*** Extracted information ***

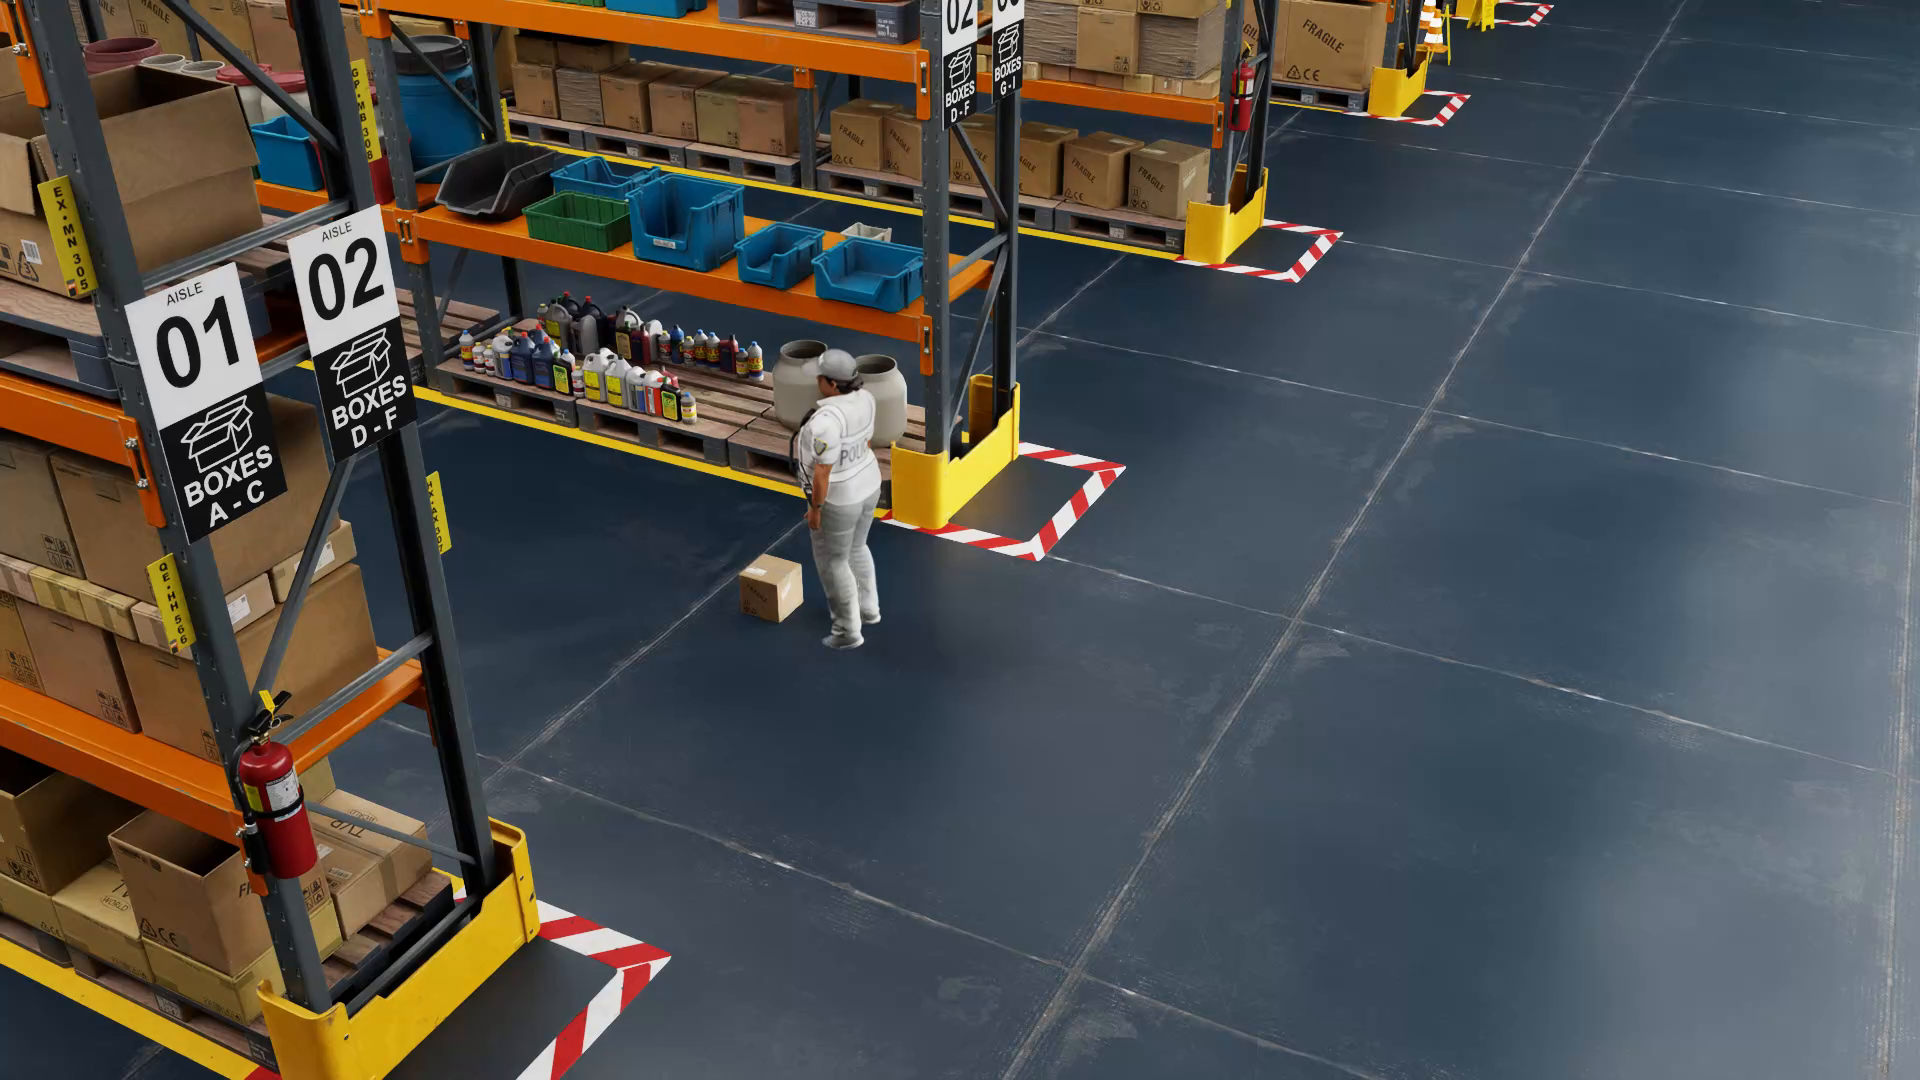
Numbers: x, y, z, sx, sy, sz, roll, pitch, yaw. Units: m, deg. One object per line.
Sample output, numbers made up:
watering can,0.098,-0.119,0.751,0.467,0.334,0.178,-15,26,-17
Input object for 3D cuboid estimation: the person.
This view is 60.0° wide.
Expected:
person,-0.634,-0.204,8.690,0.389,1.715,0.468,15,34,24

*** End of Extracted information ***

● **Problem**
Begin with the line that contains "Sample output, numbers" and set down each line exactly until the records above end, including the final line.

● **Result**
Sample output, numbers made up:
watering can,0.098,-0.119,0.751,0.467,0.334,0.178,-15,26,-17
Input object for 3D cuboid estimation: the person.
This view is 60.0° wide.
Expected:
person,-0.634,-0.204,8.690,0.389,1.715,0.468,15,34,24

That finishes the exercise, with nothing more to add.